[[ RECORDS FOR THIS TASK open ]]

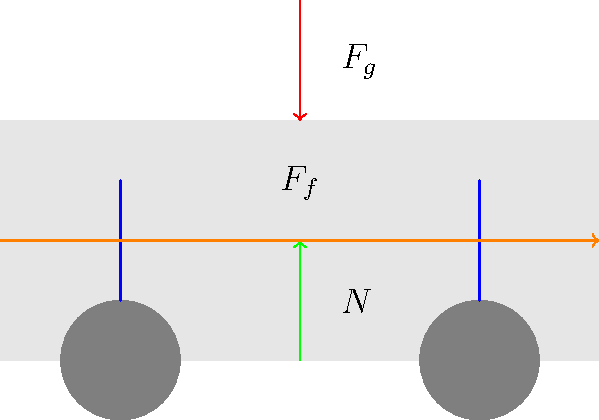During emergency braking, a truck's weight shifts forward, affecting the suspension system. If the truck's mass is 10,000 kg and it decelerates at 5 m/s², what is the magnitude of the friction force ($F_f$) acting on the truck? To solve this problem, we'll follow these steps:

1. Identify the given information:
   - Mass of the truck (m) = 10,000 kg
   - Deceleration (a) = 5 m/s²

2. Recall Newton's Second Law of Motion:
   $F = ma$

3. In this case, the friction force ($F_f$) is the force causing the deceleration:
   $F_f = ma$

4. Substitute the values into the equation:
   $F_f = 10,000 \text{ kg} \times 5 \text{ m/s²}$

5. Calculate the friction force:
   $F_f = 50,000 \text{ N}$

Therefore, the magnitude of the friction force acting on the truck during emergency braking is 50,000 N.
Answer: 50,000 N

[[ RECORDS FOR THIS TASK closed ]]

** EXERCISE DETAILS **
Without including any pictures, output each entry above exactly as it appears.

** WRITTEN ANSWER **
During emergency braking, a truck's weight shifts forward, affecting the suspension system. If the truck's mass is 10,000 kg and it decelerates at 5 m/s², what is the magnitude of the friction force ($F_f$) acting on the truck? To solve this problem, we'll follow these steps:

1. Identify the given information:
   - Mass of the truck (m) = 10,000 kg
   - Deceleration (a) = 5 m/s²

2. Recall Newton's Second Law of Motion:
   $F = ma$

3. In this case, the friction force ($F_f$) is the force causing the deceleration:
   $F_f = ma$

4. Substitute the values into the equation:
   $F_f = 10,000 \text{ kg} \times 5 \text{ m/s²}$

5. Calculate the friction force:
   $F_f = 50,000 \text{ N}$

Therefore, the magnitude of the friction force acting on the truck during emergency braking is 50,000 N.
Answer: 50,000 N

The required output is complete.